No. He was always too softhearted to be able to stand for such a thing. If that heart attack hadn’t done him the pitiful kindness of taking him when it did, he would have turned on the news in the world today and died from a plain old broken heart.

She thought about her husband a lot in those first few months of living alone, isolated from the rest of the world. Mostly she thought about him as a way to keep from thinking about everything else that was going on around her. She stopped turning on the news in the mornings because it did nothing but let in the worst parts of the world. Nobody said anything good anymore.

And so she would get up at the crack of dawn—always thankful and amazed and terrified to have woken up at all—and piddle about the house before time came to go out and tend to the garden and she would think about her husband and maybe she would hum some song that he used to love—he’d always been partial to Frank Sinatra—and, as the weeks stretched out into months, maybe she would even talk to her dead husband even though she knew good and hell well that he was dead and she wasn’t the type to believe that the dead could hear the breath of the living. But she did it anyway.

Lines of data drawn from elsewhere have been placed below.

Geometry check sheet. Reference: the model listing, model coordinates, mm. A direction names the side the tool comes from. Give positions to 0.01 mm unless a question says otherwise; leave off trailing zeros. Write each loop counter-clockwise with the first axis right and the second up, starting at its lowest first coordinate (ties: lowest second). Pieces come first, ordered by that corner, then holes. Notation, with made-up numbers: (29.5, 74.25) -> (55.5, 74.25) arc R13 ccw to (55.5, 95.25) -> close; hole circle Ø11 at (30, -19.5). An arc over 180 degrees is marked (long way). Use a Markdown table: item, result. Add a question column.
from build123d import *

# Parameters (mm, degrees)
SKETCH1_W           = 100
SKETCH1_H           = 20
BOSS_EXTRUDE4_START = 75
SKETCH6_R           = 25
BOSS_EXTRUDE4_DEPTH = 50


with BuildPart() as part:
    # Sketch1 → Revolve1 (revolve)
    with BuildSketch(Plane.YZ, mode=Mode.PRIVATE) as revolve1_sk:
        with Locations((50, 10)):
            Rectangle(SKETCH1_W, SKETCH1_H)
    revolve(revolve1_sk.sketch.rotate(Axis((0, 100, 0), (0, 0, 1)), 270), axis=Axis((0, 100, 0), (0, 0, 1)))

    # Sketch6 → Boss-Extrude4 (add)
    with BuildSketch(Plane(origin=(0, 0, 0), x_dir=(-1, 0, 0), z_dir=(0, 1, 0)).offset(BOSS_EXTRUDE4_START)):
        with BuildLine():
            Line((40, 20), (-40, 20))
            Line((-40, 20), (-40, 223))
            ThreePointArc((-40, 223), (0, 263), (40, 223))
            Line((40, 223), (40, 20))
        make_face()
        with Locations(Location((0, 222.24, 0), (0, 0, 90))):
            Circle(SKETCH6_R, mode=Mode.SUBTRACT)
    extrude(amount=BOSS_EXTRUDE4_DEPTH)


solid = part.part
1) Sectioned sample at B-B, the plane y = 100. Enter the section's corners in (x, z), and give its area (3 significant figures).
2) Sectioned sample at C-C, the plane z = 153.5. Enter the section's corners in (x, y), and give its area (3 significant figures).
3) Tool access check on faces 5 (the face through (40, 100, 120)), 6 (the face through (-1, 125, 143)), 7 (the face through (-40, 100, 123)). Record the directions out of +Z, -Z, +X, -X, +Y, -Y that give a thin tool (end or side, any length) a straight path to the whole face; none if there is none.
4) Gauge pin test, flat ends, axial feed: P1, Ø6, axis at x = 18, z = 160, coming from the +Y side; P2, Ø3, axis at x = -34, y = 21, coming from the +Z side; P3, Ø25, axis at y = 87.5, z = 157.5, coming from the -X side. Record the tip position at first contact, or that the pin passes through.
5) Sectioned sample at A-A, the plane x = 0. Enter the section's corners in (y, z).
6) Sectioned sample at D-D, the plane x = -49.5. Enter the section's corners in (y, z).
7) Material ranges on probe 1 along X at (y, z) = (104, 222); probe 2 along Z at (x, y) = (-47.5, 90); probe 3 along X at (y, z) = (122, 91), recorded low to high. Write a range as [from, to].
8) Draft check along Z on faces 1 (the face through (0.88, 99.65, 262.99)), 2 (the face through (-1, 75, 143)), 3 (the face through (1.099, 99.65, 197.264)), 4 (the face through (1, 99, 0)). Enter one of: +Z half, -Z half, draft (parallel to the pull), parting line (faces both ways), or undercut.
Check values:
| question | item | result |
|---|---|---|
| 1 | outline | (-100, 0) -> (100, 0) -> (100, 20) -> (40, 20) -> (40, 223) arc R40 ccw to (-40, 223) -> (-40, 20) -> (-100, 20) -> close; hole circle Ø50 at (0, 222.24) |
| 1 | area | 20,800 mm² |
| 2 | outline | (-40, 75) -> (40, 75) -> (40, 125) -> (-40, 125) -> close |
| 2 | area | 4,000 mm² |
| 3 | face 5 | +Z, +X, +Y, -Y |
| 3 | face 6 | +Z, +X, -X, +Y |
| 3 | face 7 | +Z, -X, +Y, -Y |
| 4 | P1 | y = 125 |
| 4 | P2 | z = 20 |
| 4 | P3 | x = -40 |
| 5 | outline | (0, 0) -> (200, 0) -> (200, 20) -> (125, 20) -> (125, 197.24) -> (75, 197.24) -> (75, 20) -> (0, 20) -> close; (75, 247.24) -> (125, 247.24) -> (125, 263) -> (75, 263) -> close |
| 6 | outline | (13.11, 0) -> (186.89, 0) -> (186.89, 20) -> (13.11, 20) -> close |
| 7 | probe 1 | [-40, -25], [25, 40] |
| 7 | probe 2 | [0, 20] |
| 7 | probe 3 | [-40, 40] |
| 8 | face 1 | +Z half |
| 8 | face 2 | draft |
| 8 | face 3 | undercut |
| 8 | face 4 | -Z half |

Some mornings she talked to him about the past. She told him about the children they’d never had and how she, finally, after all these years, could say that she was glad that they’d never come along. “I just couldn’t live with myself if I had to watch those pretty blue eyes worry over this world,” she said. The only answer the house gave back to her was the gentle clunk-clunk-clunk of the grandfather clock in the living room that never kept the right time but that she wound up anyway because, even if it wasn’t doing a good job, it was important for everything in this world to have a purpose.

That old clock made her think about her own purpose. What was it? Her purpose?

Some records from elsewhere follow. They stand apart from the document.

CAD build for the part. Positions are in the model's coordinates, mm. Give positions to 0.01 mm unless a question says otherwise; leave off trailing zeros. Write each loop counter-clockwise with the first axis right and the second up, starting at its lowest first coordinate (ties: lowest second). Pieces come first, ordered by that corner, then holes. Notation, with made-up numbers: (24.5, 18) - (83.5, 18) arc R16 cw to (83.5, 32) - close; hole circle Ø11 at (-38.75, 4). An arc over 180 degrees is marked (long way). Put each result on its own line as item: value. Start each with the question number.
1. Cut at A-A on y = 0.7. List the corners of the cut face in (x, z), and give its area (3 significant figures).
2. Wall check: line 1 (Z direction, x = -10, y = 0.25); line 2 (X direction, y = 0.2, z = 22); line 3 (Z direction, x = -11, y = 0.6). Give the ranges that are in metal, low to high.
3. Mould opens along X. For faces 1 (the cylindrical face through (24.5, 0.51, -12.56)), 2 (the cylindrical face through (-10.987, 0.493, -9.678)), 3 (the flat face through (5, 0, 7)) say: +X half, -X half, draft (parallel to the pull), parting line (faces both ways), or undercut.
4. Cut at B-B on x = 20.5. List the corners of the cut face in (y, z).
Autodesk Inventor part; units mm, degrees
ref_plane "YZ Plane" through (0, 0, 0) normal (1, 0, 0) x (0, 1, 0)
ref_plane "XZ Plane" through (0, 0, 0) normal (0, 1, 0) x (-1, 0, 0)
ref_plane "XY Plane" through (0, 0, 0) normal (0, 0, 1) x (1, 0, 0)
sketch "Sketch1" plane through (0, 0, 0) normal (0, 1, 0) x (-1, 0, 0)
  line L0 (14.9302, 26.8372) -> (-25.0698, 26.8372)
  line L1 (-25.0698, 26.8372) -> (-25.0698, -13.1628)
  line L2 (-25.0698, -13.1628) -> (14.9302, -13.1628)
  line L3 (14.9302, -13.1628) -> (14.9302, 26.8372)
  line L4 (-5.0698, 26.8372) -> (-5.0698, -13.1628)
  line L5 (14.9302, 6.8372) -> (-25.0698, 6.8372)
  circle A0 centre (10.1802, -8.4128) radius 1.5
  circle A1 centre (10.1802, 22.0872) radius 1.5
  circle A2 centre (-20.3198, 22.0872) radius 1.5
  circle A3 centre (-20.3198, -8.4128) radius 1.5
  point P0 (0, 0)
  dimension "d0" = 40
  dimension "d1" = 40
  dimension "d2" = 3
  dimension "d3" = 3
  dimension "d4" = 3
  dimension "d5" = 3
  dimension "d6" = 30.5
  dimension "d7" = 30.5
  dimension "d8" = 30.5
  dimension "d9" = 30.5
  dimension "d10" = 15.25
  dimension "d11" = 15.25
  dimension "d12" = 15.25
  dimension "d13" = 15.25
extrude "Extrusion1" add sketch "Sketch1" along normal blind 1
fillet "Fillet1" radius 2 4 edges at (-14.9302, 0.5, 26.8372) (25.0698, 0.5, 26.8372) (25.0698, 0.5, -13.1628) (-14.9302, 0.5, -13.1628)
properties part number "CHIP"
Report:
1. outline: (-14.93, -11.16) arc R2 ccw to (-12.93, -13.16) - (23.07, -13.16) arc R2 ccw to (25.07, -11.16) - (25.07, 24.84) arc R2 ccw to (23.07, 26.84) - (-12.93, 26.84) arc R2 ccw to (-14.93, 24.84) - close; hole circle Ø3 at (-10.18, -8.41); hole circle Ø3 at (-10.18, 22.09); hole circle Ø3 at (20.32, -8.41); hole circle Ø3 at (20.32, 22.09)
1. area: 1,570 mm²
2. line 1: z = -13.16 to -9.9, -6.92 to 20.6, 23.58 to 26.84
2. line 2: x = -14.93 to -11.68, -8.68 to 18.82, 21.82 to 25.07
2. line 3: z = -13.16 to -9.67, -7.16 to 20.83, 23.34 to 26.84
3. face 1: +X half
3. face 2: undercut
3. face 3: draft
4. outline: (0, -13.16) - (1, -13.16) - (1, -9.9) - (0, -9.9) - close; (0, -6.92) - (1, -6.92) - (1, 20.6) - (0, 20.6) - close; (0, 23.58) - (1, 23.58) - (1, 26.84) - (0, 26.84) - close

What was a woman without purpose?

What was anyone without purpose?

She asked her dead husband that one night when she woke up from a bad dream—a dream that she’d fallen asleep and been unable to wake up from it. Her palms were sweaty and her long hair matted to her brow and her cheeks were slick with tears, and the words trembled out of her lips like a newborn foal. “What’s my purpose?” she asked.

And her dead husband did not answer her back, even though she sat and waited to hear his heavy, soft voice for over an hour with the darkness and the clunking of that clock down below counting off its irregular and inconstant seconds.

That was the night that she made a promise never to go to sleep again. She’d stay up for as long as she had to, until The Disease came and went and burned away the rest of humanity and all that was left was her and then, by God, she’d know what her purpose was. She’d have the answer she’d been waiting for and she wouldn’t wake up at night sweating and calling out for her husband because, in the end, she couldn’t go on like this: afraid of sleep and afraid of life both at the same time.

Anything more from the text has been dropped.